The survey of 220 federal employees was conducted by MeriTalk, an online community provider, and sponsored by Google. More than 90% of respondents said they shop and bank online, 78% use social media, and 68% use smartphone apps. "We think these results clearly show that federal employees are excited and ready to bring the technologies they use in their personal lives to work," said a Google spokesman.

Age isn't necessarily a determinant of tech adoption, the survey found. "One particularly interesting result was ... that more employees aged 56 to 66 use video conferencing and chat than their 35- to 55-year-old peers," the spokesman said.

[ Read about the White House's digital government strategy. See 3 Goals Of White House 'Digital Government' Plan. ]

There was no strong correlation between the age of respondents and their willingness to try new technologies. The survey asked, "Once out, how soon do you test out new technology?" While about 45% of respondents 48 years and older said they wait for a full evaluation of the technology, 47% of the youngest respondents (17 to 21 years old) do the same.

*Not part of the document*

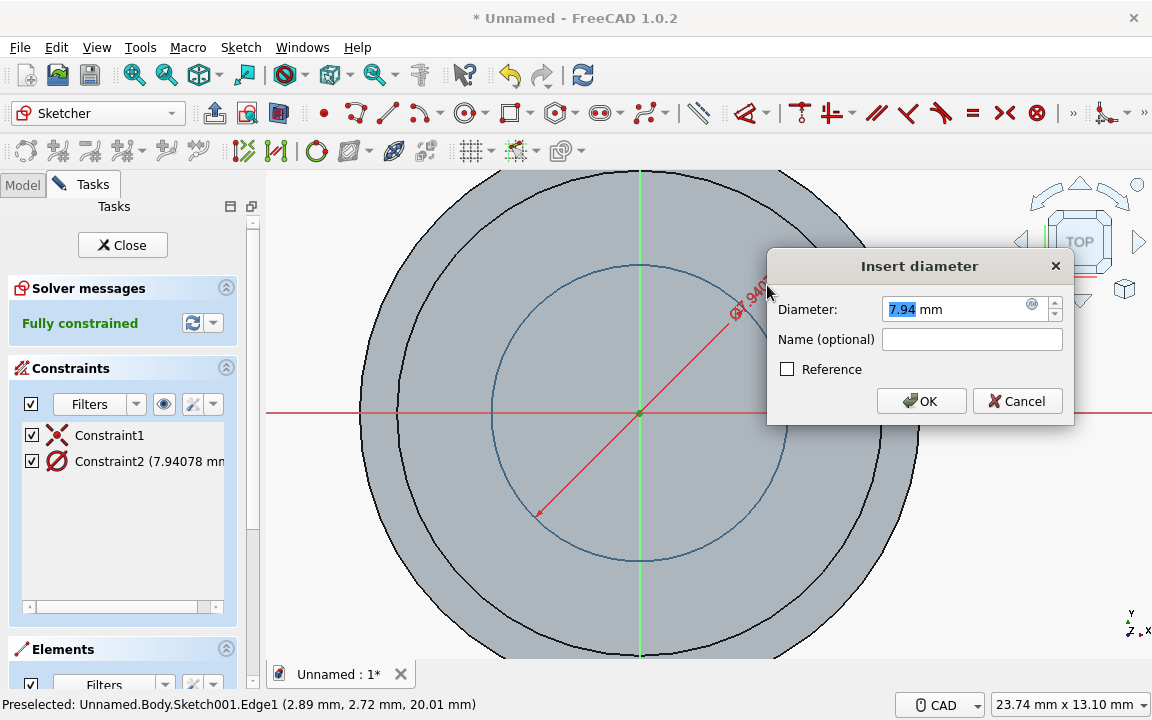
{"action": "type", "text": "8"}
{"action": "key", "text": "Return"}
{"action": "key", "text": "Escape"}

The survey didn't measure the use of consumer tech in federal offices, but it did gauge employee attitudes about personal tech in the workplace, which provides some evidence that a gap exists. Two thirds of respondents (67%) agreed with the statement, "I wish that the technology at work could keep up with the changes in technology in my personal life." That response jumped to 80% for federal workers 35 and younger.

As for differences in technology use in their personal and professional lives, 75% of respondents said cost is the biggest barrier to adopting new technology in their personal lives, while 42% identified lack of training as the biggest obstacle in the workplace, followed by cost at 40%.

"When looking at technology for personal use, federal employees are willing to learn it themselves," MeriTalk said in a written explanation of the survey results. "When directed to use a new technology at work, they expect enough training to use the new technology with some proficiency."

Respondents across all age groups agreed that it doesn't take any longer to get used to new technology at work than it does in their personal lives. And 60% of older workers believe it's easier to see the benefits of technology in their work lives than in their personal lives.

"For most federal workers, seizing the digital opportunity is less about changing behaviors and more about translating how they use technology at home to how they use technology at the office," MeriTalk said in its statement.

The Office of Management and Budget demands that federal agencies tap into a more efficient IT delivery model. The new Shared Services Mandate issue of InformationWeek Government explains how they're doing it. Also in this issue: Uncle Sam should develop an IT savings dashboard that shows the returns on its multibillion-dollar IT investment. (Free registration required.)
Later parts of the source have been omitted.